Santé et environnement

Les peintures dépolluantes à l’épreuve du réel

Mots clés : Établissements de soins - Peinture

En laboratoire, ces produits détruisent jusqu’à 85 % des polluants. Mais le protocole présente des limites.

Dans le monde secret de la chimie, l’innovation technologique est de mise ! Portées par un cadre réglementaire renforcé, les peintures dites « dépolluantes » ont fait une apparition remarquée sur le marché de la construction, notamment dans les établissements recevant du public (ERP). C’est le cas des bâtiments médicaux qui seront soumis dans les prochaines années à une surveillance accrue de la qualité de l’air intérieur, une obligation qui concerne déjà les crèches et les écoles maternelles. Grâce à ces produits, les géants de la peinture promettent de capter et de neutraliser en quelques heures les substances nocives présentes dans les environnements intérieurs.
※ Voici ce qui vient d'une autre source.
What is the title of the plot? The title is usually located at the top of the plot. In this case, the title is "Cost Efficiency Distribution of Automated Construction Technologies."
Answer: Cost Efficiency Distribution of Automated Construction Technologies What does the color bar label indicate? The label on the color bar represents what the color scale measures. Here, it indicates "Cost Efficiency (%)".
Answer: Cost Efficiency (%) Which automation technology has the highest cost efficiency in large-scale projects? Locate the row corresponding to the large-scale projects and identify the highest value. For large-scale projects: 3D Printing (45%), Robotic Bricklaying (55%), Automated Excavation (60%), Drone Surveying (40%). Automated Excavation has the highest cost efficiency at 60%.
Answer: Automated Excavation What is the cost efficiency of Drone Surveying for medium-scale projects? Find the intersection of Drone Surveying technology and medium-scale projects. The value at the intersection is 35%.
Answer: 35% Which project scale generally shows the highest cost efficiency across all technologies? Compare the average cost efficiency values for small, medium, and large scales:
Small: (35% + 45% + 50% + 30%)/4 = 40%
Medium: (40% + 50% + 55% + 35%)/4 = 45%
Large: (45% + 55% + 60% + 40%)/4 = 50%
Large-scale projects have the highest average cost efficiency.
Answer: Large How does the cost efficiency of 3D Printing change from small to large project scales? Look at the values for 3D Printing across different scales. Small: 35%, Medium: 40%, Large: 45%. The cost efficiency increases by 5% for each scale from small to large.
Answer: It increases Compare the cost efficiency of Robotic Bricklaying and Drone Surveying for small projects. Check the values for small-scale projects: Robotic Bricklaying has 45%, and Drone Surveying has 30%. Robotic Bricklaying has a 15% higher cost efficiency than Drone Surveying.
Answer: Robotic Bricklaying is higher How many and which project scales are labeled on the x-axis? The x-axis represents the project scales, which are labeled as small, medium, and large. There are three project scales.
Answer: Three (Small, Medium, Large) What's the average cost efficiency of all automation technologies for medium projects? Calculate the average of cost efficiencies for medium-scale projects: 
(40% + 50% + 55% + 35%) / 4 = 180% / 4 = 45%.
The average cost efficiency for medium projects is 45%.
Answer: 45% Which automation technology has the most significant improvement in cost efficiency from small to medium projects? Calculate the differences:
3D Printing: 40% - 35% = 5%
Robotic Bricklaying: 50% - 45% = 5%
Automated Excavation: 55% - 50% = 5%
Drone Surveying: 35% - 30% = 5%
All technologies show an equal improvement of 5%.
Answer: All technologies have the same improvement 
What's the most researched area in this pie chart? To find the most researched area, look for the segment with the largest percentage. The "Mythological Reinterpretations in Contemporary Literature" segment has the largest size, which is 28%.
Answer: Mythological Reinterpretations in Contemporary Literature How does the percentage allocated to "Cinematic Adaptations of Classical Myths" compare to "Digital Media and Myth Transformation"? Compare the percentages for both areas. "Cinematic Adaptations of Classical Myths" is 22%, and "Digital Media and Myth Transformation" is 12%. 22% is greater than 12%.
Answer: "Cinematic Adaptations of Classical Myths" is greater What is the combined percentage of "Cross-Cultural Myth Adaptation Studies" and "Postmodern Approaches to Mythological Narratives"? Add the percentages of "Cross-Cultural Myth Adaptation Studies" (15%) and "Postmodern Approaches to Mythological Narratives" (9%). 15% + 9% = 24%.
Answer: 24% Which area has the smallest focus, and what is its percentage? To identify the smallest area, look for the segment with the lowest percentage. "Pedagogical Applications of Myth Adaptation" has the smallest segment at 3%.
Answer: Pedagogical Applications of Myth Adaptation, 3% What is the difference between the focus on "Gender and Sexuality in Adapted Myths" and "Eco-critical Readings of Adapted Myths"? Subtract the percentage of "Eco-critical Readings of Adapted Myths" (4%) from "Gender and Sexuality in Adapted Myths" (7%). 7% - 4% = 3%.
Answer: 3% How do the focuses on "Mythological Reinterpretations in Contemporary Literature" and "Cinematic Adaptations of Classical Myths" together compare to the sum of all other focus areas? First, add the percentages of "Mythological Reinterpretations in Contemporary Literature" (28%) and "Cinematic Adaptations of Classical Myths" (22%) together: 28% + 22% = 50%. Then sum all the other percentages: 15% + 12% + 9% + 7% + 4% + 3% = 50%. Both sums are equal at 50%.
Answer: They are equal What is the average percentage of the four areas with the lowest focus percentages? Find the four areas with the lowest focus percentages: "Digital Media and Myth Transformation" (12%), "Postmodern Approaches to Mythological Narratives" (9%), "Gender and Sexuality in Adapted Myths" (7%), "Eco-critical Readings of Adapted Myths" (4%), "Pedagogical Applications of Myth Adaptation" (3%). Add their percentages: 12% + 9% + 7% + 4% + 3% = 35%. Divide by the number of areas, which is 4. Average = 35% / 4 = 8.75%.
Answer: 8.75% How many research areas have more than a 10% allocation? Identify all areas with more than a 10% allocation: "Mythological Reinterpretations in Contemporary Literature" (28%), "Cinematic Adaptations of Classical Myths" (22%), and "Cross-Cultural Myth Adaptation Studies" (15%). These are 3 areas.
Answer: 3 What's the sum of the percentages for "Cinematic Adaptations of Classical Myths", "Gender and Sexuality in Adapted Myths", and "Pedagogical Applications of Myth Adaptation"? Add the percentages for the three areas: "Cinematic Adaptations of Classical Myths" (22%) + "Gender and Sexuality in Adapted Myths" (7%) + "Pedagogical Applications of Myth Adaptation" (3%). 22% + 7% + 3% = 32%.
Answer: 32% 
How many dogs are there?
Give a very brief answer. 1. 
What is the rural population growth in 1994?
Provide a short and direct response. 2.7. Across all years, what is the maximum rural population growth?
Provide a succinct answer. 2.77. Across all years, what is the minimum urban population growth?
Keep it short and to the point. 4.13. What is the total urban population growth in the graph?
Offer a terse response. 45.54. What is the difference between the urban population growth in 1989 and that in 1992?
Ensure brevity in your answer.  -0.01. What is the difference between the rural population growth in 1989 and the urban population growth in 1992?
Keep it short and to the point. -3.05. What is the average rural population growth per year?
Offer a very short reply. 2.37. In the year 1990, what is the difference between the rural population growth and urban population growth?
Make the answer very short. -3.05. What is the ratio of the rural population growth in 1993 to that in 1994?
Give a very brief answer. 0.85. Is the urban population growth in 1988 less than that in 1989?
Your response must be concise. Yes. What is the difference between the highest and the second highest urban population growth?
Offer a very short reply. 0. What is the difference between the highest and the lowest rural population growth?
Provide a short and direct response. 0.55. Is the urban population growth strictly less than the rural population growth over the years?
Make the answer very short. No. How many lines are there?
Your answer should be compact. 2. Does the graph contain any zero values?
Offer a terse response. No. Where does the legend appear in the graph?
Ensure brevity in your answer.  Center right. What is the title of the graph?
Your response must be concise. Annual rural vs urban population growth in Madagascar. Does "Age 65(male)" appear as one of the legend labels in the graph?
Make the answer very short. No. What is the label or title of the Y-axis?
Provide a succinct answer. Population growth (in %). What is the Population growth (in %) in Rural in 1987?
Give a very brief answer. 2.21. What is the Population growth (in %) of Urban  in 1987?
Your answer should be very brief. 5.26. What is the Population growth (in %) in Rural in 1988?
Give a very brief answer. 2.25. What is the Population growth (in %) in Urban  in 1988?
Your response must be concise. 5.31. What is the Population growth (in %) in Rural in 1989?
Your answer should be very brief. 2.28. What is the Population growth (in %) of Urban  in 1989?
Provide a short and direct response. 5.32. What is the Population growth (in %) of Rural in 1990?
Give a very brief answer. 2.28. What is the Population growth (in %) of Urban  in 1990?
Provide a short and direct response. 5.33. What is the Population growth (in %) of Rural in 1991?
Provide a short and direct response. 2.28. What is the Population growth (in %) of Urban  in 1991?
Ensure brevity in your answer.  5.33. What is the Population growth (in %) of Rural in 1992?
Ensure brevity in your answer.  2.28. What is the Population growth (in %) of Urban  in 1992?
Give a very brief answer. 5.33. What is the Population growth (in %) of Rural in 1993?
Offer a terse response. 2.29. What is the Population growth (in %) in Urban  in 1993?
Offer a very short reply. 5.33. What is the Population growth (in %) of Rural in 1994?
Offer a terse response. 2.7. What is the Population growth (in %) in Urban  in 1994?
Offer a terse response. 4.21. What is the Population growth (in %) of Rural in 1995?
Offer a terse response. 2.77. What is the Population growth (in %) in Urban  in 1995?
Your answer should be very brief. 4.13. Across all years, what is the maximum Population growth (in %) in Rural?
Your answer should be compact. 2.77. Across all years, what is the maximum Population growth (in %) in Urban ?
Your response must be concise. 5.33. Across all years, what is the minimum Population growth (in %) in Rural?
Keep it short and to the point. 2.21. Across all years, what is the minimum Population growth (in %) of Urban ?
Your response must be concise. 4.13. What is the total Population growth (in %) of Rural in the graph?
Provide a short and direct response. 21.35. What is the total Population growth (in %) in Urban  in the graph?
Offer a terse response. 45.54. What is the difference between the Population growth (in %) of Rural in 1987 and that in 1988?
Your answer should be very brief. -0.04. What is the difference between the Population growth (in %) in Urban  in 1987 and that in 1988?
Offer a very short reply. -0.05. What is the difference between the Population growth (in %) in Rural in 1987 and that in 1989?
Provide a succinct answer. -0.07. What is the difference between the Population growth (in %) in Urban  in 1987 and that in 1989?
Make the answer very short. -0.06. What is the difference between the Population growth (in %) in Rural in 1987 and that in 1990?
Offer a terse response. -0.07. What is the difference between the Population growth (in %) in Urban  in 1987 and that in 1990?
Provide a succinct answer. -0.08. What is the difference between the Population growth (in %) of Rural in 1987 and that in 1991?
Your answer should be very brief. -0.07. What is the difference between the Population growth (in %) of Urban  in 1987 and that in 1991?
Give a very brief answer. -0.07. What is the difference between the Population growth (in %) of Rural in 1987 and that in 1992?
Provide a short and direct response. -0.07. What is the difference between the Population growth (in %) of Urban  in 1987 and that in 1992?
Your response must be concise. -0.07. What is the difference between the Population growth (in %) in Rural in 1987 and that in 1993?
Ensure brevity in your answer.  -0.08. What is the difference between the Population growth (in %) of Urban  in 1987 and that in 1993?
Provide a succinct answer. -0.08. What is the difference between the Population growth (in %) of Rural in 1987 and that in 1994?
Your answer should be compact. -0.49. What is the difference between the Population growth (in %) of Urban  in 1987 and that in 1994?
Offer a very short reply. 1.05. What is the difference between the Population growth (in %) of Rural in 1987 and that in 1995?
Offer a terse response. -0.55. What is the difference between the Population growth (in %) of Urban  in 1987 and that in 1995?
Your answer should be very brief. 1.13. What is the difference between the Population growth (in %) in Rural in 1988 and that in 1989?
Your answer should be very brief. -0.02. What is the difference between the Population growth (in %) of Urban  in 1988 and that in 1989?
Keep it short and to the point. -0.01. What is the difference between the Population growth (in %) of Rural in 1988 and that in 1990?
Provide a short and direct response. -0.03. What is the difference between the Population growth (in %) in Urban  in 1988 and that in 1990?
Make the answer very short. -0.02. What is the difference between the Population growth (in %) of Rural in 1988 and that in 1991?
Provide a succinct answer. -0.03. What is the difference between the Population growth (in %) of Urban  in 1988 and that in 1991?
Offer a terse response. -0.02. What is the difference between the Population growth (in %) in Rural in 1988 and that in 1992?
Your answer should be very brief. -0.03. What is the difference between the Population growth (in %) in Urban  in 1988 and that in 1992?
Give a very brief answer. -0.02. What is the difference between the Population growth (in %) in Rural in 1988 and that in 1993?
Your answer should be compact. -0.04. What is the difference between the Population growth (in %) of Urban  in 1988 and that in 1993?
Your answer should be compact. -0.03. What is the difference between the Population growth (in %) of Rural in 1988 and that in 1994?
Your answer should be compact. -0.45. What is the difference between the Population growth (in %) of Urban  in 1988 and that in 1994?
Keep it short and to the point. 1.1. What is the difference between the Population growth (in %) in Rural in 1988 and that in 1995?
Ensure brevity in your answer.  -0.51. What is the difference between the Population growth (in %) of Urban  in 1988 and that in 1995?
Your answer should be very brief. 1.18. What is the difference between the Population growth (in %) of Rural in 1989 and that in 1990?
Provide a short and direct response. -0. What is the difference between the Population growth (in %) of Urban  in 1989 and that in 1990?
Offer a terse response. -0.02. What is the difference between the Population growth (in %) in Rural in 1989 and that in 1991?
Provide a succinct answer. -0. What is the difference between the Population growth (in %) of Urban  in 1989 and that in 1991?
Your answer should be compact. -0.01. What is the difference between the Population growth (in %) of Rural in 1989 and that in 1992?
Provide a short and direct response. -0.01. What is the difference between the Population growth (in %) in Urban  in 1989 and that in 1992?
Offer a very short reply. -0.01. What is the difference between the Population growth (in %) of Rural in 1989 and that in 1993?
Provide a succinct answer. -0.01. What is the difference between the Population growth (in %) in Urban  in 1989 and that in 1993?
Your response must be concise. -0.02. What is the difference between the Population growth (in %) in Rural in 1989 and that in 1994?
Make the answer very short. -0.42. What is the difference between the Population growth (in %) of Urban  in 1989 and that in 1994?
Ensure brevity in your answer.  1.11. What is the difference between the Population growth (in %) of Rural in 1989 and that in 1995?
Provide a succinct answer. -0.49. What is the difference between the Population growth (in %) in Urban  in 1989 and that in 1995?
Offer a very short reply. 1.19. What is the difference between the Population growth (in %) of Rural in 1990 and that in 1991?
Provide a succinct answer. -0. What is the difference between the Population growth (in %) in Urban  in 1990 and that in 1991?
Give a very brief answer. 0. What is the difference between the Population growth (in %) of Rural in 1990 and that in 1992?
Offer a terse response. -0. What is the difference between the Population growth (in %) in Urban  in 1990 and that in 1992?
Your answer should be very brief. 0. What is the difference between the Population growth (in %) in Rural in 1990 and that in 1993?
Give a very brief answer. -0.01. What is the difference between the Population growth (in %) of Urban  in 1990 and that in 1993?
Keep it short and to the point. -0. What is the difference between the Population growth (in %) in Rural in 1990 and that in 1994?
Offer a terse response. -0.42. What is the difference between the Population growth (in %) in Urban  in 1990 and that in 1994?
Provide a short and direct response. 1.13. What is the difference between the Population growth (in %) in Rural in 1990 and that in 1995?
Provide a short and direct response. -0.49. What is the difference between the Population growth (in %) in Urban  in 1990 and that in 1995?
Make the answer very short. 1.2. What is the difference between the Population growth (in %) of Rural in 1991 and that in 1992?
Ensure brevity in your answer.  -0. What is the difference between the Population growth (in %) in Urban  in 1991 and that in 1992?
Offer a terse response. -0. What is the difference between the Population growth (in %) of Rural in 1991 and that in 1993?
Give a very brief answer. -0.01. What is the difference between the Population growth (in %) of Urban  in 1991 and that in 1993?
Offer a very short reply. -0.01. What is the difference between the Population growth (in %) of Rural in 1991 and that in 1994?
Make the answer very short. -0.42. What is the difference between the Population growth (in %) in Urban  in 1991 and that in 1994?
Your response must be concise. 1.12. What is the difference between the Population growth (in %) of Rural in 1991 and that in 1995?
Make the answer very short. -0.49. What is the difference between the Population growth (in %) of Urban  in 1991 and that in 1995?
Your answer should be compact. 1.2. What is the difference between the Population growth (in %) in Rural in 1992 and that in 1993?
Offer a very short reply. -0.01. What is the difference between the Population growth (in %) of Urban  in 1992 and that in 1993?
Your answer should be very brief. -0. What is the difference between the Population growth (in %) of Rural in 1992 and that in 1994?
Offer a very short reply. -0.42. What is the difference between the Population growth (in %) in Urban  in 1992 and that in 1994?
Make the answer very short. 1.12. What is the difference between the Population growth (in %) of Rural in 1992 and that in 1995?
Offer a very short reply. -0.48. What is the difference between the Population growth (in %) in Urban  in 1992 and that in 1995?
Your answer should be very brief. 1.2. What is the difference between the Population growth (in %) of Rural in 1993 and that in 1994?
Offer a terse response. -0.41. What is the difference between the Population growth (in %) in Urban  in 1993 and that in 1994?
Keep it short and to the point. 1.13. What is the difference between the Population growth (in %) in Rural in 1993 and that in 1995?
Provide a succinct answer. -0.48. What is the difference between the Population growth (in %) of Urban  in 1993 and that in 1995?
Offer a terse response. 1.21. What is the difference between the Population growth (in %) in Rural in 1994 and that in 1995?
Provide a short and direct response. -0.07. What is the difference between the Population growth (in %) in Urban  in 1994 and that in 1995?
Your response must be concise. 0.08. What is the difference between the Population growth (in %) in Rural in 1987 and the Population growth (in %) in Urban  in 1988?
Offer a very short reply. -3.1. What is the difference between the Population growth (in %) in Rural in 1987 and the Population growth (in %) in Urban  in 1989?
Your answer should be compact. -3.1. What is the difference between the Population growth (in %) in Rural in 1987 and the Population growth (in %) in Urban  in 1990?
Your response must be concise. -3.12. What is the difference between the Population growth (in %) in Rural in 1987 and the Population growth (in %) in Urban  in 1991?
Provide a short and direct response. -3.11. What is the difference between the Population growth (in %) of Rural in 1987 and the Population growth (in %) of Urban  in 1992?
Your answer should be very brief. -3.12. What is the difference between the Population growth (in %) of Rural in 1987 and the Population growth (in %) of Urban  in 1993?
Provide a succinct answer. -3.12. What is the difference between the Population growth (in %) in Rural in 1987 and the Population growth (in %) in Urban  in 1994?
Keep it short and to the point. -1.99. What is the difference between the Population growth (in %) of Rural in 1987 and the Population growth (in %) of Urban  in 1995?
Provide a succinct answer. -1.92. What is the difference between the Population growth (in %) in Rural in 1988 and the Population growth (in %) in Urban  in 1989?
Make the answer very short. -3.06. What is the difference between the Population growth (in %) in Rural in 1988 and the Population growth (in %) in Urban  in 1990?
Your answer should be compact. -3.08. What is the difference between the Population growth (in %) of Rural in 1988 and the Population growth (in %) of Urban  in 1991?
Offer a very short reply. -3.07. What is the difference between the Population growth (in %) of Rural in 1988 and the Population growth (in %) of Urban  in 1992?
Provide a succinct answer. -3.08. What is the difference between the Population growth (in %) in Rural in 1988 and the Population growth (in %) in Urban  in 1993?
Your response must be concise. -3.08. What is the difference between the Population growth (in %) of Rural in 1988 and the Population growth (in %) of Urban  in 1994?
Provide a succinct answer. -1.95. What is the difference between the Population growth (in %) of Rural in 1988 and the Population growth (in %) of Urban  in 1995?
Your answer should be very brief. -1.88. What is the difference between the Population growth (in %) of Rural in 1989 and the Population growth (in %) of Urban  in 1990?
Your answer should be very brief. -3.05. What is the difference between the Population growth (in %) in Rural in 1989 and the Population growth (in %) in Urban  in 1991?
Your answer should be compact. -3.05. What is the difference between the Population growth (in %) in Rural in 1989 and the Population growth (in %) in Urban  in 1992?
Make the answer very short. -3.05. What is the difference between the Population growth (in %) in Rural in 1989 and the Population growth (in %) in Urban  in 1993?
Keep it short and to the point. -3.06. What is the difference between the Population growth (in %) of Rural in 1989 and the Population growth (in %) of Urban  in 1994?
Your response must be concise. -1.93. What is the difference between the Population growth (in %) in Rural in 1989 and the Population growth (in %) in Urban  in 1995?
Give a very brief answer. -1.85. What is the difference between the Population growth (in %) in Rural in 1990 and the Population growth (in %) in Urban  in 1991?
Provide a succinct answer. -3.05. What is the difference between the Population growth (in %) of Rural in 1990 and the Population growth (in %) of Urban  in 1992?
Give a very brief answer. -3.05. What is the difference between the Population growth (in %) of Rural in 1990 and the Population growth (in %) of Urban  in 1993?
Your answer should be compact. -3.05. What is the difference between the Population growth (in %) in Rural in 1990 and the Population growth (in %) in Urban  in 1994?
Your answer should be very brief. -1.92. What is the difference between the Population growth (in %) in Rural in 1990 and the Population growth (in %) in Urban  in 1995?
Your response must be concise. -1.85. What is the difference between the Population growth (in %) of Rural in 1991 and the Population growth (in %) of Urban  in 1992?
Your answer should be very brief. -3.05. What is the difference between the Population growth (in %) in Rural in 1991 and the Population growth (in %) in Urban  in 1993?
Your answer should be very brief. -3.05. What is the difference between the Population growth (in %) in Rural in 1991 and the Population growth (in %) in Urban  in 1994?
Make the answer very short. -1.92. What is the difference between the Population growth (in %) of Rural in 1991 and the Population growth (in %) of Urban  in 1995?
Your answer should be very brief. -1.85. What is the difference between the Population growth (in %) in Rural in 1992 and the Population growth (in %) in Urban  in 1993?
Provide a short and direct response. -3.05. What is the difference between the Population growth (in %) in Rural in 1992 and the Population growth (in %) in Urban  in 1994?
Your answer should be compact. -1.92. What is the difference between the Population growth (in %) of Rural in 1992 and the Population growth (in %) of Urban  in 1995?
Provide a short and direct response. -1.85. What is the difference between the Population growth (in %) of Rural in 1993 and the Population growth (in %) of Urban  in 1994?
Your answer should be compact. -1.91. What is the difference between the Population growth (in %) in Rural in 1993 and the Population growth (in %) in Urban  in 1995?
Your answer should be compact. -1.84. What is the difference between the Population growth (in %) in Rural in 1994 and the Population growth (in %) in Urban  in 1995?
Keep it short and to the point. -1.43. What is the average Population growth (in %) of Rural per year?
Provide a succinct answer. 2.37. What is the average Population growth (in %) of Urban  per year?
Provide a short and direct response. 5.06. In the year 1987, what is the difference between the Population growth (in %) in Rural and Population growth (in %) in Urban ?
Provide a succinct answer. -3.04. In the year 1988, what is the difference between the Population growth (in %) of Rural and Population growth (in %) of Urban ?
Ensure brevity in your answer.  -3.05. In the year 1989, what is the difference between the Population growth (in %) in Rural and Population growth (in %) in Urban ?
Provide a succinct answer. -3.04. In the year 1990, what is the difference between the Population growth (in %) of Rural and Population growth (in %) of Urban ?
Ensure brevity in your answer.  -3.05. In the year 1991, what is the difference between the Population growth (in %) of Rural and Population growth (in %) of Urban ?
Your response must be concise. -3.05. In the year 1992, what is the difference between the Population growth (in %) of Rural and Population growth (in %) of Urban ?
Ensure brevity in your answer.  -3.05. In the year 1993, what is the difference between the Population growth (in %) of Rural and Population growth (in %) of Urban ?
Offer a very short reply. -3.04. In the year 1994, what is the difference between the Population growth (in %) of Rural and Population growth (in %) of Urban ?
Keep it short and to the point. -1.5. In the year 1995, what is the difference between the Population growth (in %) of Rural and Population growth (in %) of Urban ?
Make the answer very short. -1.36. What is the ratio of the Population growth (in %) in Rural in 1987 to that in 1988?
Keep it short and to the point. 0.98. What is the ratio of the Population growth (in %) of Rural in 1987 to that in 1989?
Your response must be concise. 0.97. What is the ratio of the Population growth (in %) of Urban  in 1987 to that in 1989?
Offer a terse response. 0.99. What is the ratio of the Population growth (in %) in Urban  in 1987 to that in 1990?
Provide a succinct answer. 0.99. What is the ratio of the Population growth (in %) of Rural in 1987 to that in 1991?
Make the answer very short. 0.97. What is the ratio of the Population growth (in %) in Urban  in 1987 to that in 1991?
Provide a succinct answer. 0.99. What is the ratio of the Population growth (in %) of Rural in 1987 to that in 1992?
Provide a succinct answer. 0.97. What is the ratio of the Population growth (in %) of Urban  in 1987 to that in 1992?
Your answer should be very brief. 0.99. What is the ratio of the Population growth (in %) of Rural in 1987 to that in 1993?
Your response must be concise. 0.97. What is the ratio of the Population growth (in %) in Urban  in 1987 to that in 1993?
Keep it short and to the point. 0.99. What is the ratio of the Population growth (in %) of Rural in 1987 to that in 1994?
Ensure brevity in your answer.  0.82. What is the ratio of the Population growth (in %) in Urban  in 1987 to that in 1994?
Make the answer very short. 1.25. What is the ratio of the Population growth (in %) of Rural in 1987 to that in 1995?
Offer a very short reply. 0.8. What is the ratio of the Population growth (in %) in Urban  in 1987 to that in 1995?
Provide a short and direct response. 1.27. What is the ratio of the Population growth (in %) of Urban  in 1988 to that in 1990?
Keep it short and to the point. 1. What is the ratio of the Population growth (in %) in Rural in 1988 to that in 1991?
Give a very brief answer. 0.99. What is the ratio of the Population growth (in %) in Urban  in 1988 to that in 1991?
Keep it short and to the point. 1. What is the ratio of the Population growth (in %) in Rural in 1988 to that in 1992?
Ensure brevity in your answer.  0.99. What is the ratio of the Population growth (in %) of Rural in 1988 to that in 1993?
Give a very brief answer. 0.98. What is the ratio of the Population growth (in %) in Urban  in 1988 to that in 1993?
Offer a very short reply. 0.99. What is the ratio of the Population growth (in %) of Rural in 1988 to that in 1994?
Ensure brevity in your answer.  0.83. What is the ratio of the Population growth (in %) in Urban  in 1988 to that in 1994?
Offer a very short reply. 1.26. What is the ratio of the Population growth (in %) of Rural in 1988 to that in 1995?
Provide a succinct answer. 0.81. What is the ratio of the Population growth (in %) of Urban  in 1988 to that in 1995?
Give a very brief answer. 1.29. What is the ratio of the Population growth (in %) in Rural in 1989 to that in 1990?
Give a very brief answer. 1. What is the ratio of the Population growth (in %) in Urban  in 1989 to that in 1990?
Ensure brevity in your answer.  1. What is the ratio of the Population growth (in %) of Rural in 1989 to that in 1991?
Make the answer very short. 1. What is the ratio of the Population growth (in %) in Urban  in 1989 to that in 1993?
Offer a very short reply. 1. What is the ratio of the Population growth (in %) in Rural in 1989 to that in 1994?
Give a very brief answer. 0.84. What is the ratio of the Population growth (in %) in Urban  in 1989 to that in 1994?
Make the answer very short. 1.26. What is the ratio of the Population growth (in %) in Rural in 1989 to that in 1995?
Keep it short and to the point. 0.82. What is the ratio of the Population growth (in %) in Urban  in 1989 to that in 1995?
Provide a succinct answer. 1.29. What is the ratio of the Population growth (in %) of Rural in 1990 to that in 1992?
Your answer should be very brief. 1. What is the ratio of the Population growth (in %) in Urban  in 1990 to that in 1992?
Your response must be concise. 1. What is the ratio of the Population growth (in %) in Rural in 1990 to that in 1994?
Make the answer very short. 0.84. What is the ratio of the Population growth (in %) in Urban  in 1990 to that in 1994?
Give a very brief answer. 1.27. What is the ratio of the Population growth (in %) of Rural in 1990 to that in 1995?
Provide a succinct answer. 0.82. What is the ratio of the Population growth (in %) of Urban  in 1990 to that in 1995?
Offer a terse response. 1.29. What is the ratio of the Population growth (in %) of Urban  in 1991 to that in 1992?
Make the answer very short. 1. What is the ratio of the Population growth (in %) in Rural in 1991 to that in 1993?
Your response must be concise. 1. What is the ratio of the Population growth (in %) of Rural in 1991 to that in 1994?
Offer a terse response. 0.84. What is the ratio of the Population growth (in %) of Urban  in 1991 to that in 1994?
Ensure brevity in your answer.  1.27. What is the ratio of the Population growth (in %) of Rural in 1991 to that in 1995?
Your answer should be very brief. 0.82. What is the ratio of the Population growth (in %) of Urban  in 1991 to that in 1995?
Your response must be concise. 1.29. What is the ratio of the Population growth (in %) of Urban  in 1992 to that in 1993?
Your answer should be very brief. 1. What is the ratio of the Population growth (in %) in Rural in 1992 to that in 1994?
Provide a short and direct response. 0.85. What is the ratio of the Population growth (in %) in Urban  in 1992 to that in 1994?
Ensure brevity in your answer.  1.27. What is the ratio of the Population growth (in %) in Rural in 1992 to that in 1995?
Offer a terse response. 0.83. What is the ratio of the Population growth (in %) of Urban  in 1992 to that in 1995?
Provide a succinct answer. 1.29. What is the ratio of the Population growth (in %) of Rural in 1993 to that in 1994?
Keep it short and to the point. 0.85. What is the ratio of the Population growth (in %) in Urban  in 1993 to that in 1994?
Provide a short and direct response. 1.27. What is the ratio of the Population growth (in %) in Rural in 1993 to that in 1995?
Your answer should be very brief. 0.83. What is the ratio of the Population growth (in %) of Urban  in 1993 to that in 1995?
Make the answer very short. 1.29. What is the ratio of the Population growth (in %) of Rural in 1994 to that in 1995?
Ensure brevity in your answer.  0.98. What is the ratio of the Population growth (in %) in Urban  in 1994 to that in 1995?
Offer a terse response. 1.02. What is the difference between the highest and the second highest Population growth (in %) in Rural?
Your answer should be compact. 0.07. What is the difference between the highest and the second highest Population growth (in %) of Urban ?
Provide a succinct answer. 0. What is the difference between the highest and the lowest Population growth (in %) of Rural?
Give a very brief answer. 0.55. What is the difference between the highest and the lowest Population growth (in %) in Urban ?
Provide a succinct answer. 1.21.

Pionnier en la matière, l’entreprise Onip garantit depuis 2013 l’élimination du formaldéhyde présent dans une pièce pour une durée de sept à vingt ans selon les finitions utilisées. Tollens (groupe Cromology), via sa technologie Captéo, assure détruire 80 % des polluants en cas d’application sur tous les murs et au plafond. Pour Beissier, l’une des marques du groupe STO spécialisée dans les enduits, le taux atteint même 85 %.

Des paramètres précis sont pris en compte lors des essais en laboratoire :...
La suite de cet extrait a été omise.